Mutational analysis of the ORF 50b transactivation domain. (a) The carboxy-terminal 14 amino acids contain a motif of positionally conserved hydrophobic amino acids homologous with the EBV R protein (boldface). A range of site directed mutations were constructed such that one or multiple conserved hydrophobic residues were replaced with a glycine residue (boldface). (b) OMK cell monolayers were transfected with 1 μg of pAWCAT2 or cotransfected with 1 μg of each 50b mutation plasmid, using DOTAP transfection reagent. Cells were harvested at 48 h posttransfection, and cell extracts were assayed for CAT activity. Percentages of acetylation were calculated by scintillation counting of the appropriate regions of the chromatography plate and are shown in graphical format; the variations between three replicated assays are indicated.

FIG. 7

The ORF 50 carboxy-terminal mutation, 50M7, produces a stable protein which binds to the ORF 50 response elements. (a) Subcellular localization of ORF 50M7 protein, determined by immunofluorescence analysis of cells mock transfected (i) or transfected with pBK50M7 (ii). (b) OMK cells were seeded at 10⁶ cells per 35-mm-diameter petri dish and washed in labelling medium. Controls remained untransfected (lane 1) or transfected with 2 μg of pBK50b (lane 2) or pBK50M7 (lane 3). The cells were incubated in labelling medium, harvested, and then lysed after 24 h. For each immunoprecipitation, 20 μl of the anti-ORF 50 polyclonal antibody was incubated with protein A-Sepharose beads for 16 h at 4°C. Immunoprecipitations were then performed with each cell lysate, using the anti-ORF 50 antibody. These samples were then pelleted, resuspended in Laemmli buffer, resolved on an SDS–12% polyacrylamide gel, and analyzed by autoradiography. (c) Gel retardation assays were performed as previously described (53).

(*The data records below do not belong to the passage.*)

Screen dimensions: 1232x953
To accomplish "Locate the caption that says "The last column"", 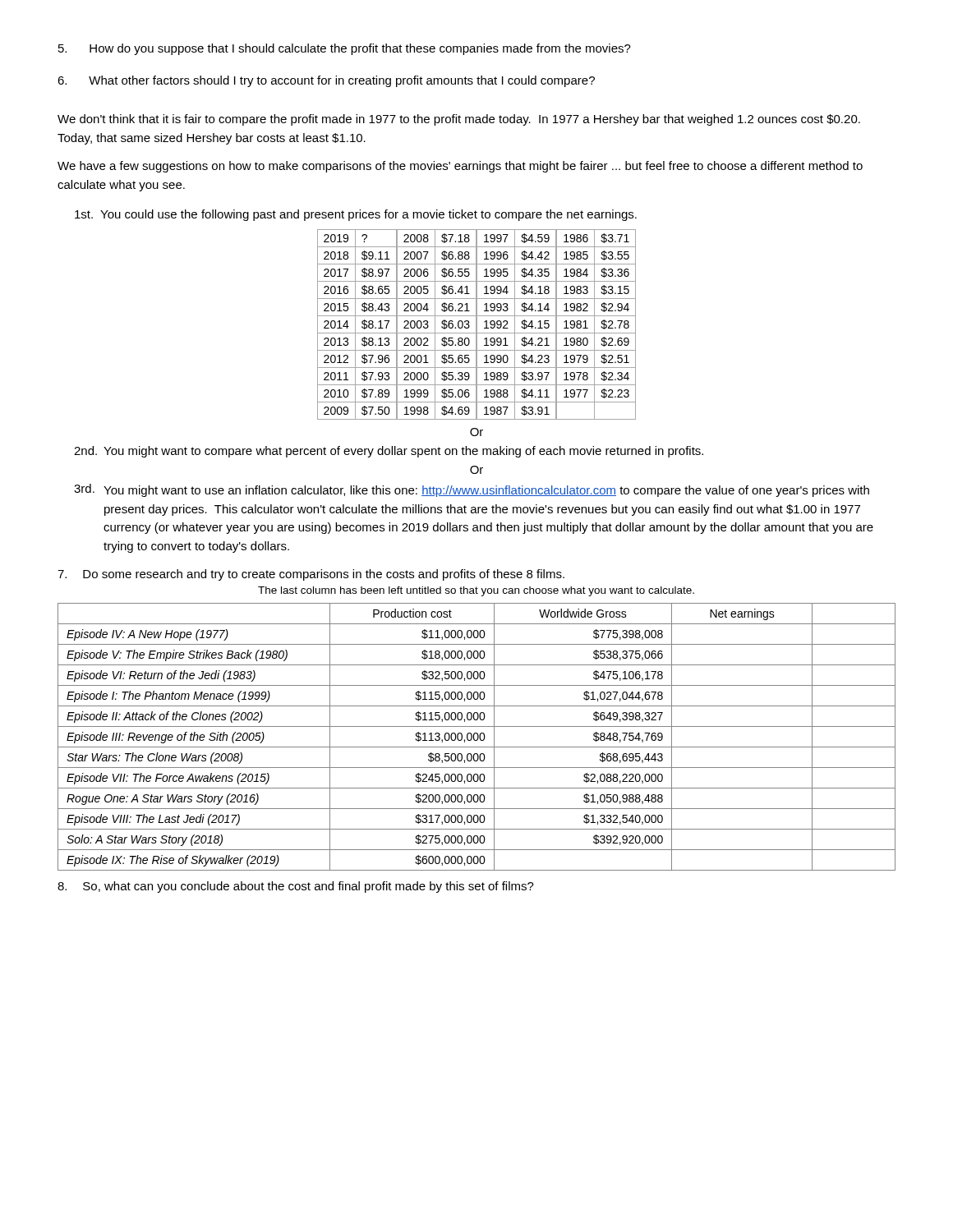I will click(x=476, y=590).
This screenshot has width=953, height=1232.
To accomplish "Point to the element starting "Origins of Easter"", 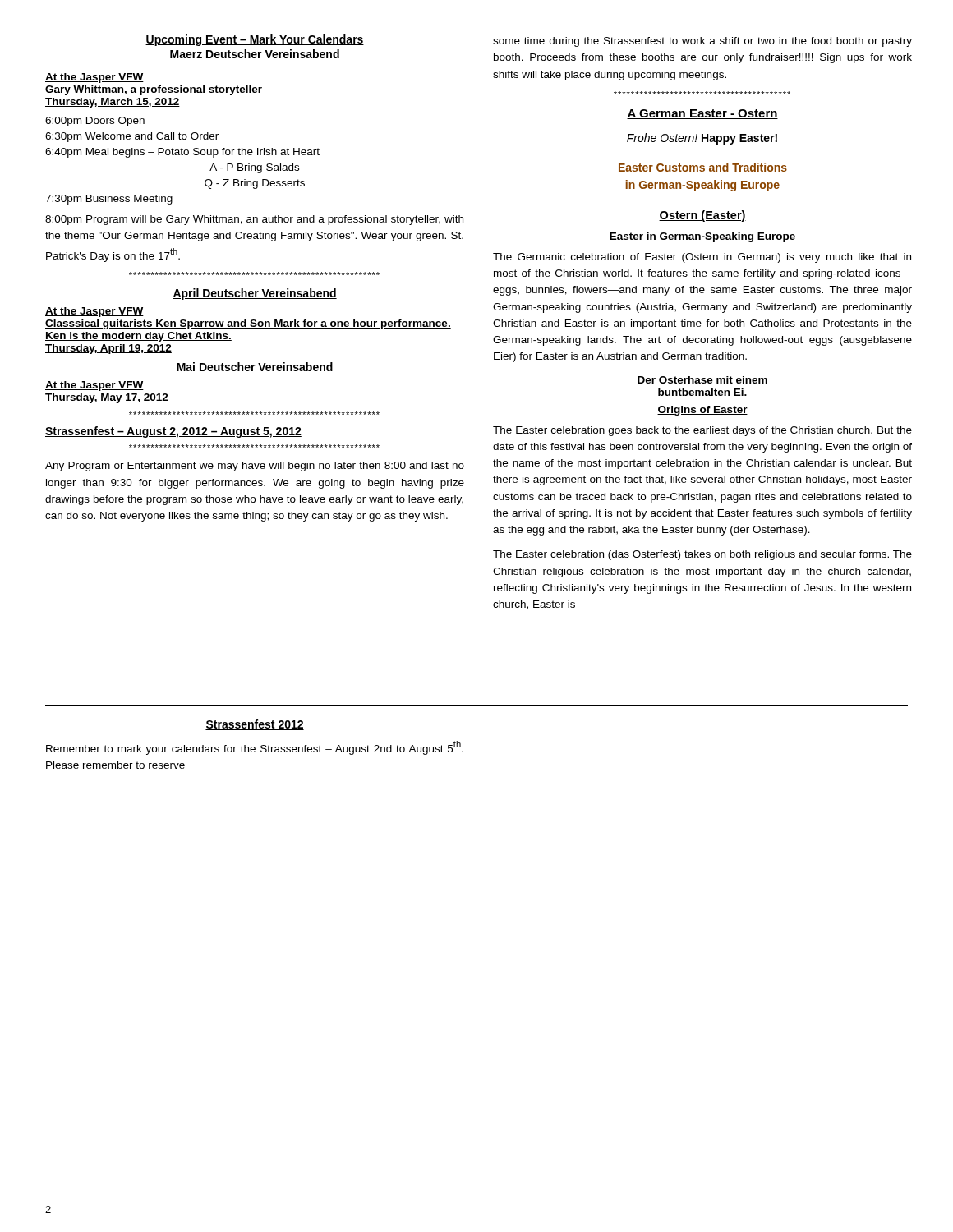I will 702,409.
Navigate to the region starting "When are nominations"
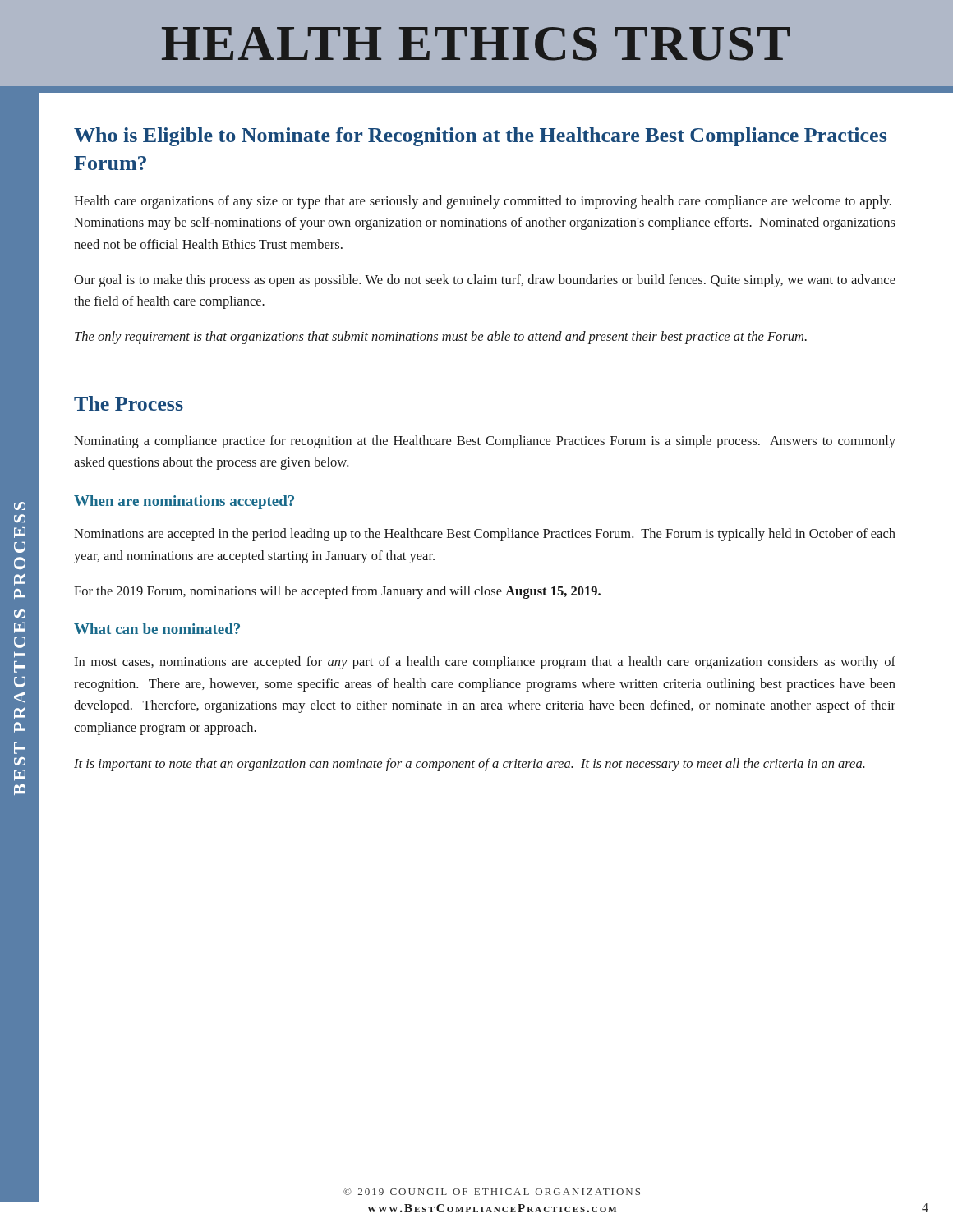The height and width of the screenshot is (1232, 953). [184, 502]
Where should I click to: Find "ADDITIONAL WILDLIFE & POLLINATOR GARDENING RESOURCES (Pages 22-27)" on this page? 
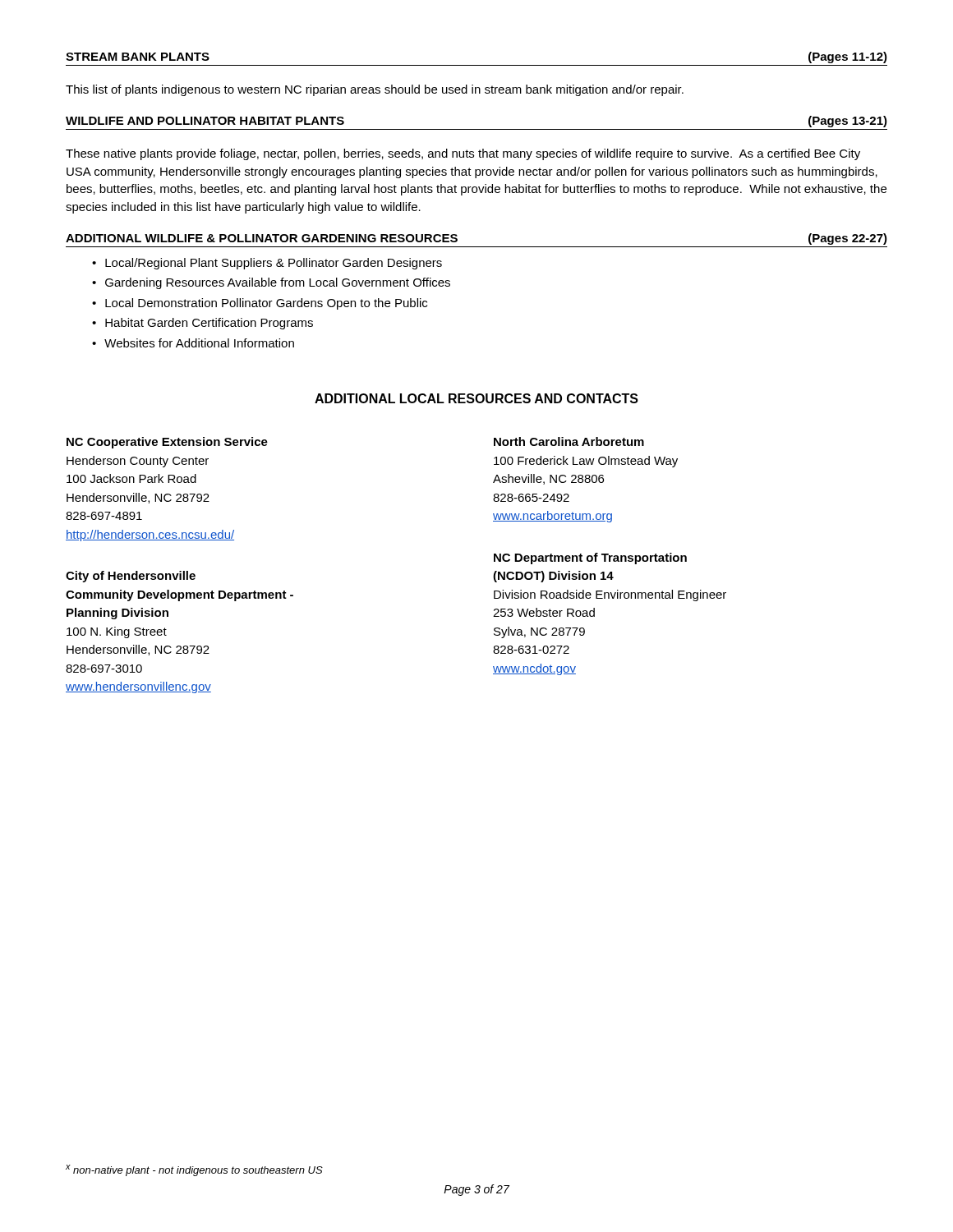(x=476, y=238)
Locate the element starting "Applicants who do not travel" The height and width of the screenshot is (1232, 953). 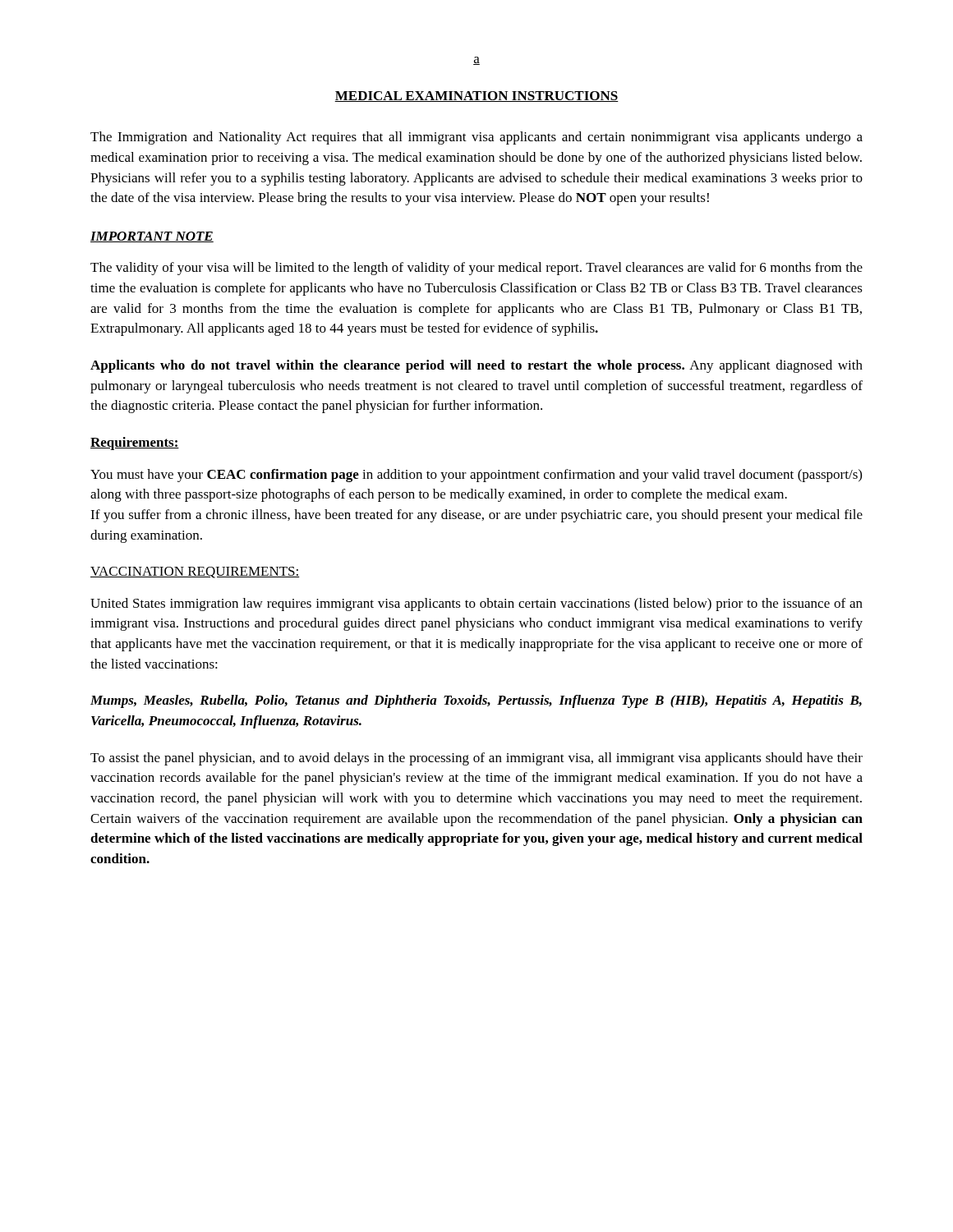(x=476, y=385)
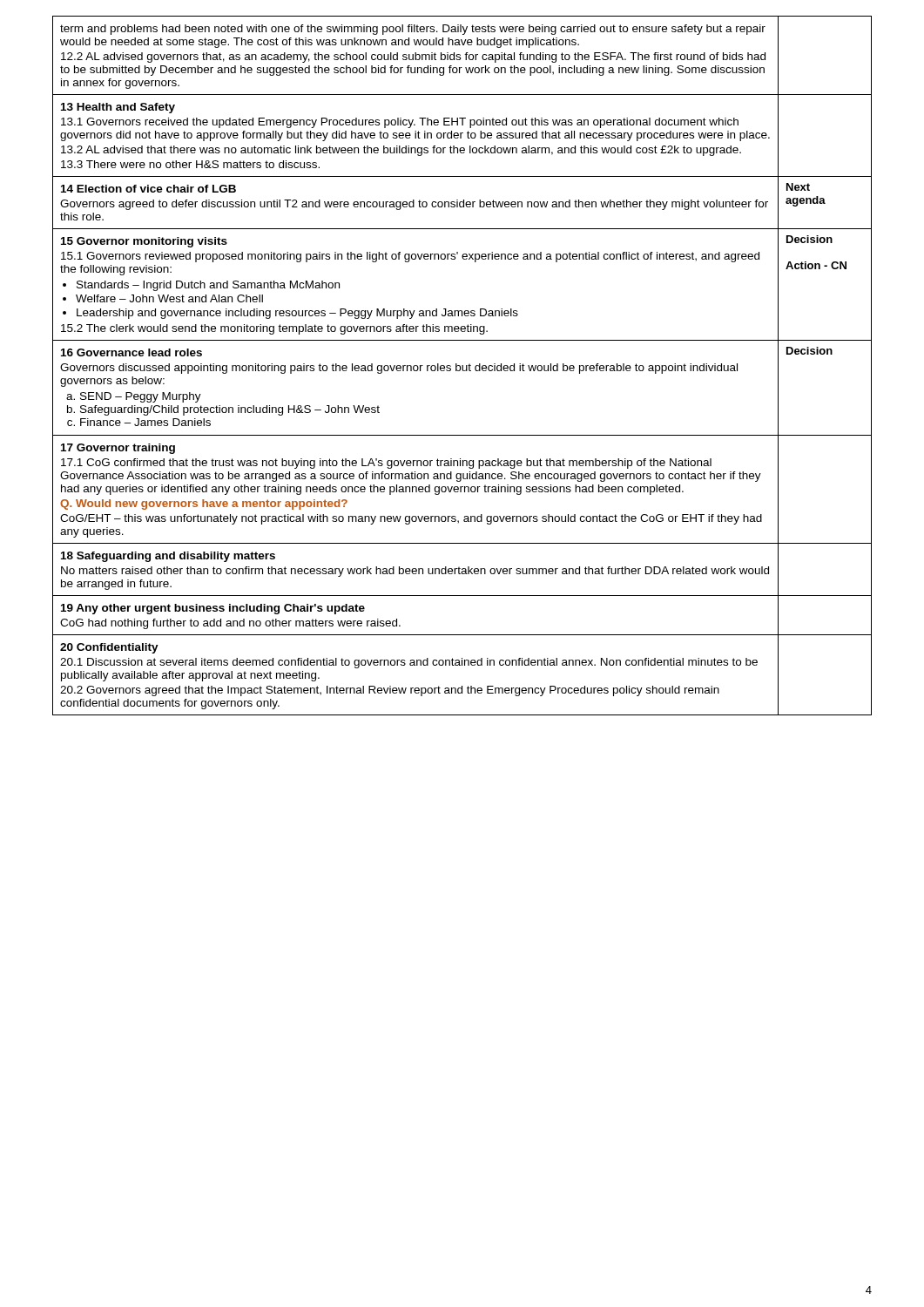
Task: Locate the table with the text "16 Governance lead roles"
Action: 462,366
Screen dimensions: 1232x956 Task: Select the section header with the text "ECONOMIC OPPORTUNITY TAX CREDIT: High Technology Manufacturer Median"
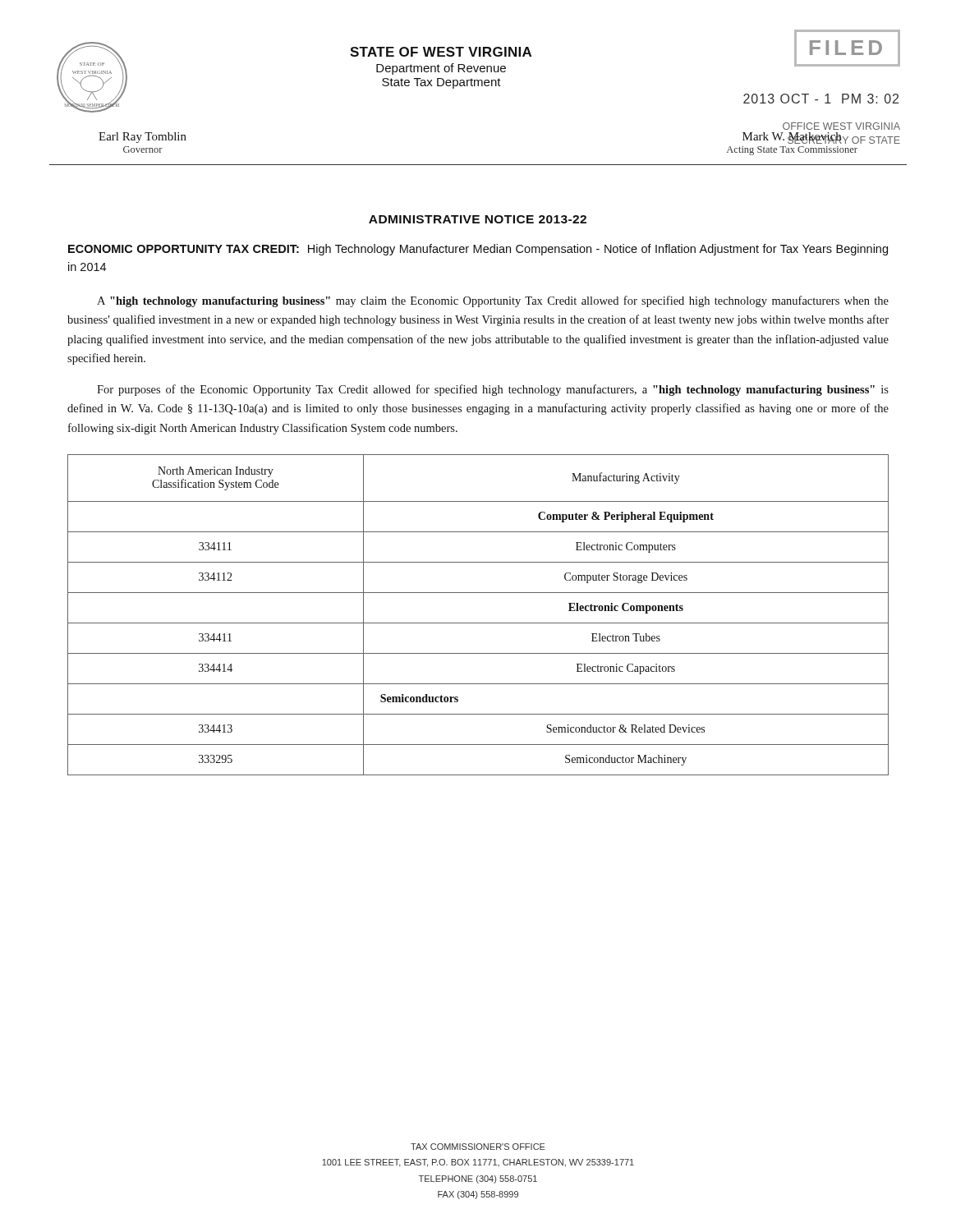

Briefly, the ORF 50 response elements contained in a set of oligonucleotides were annealed, radiolabelled and then incubated with nuclear extracts of untransfected OMK cells (lane 1) or cells transfected pBK50b (lane 2) and pBK50M7 (lane 3). The protein-nucleic acid complexes (indicated by the arrow) were separated on a 5% polyacrylamide gel, run in 1% TBE buffer, and detected by autoradiography.

FIG. 8

The hydrophobic residues contained within the transactivation domain are required for the interaction with TBP. Immunoblot analysis was performed with the immunoprecipitation samples, untransfected control cells (lane 1) and cells transfected with 2 μg of pBK50b (lane 2) or pBK50M7 (lane 3). Polypeptides were resolved on an SDS–12% polyacrylamide gel and then transferred to nitrocellulose membranes. After transfer, the membranes were blocked, incubated with a 1/1,000 dilution of the anti-TFIID monoclonal antibody, washed, and incubated for 1 h at 37°C with a 1/1,000 dilution of anti-mouse immunoglobulin conjugated with horseradish peroxidase in blocking buffer. After five washes with PBS, the nitrocellulose membranes were developed, using enhanced chemiluminescence.

FIG. 9

The ORF 50 transactivation domain is sufficient for the interaction with TBP. (a) The control GST alone (lane 1) and the GST-ORF 50 carboxy terminus fusion protein (lane 2) were expressed in E. coli DH5α and purified from crude lysates by incubation with glutathione-Sepharose 4B affinity beads. (b) The beads containing GST alone (lane 1) or the GST-ORF 50 carboxy terminus fusion protein (lane 2) were then incubated with OMK cell lysates. The beads were then pelleted, washed, resuspended in Laemmli buffer, and resolved on an SDS–12% polyacrylamide gel. The proteins were then transferred to nitrocellulose membranes by electroblotting and probed for TFIID.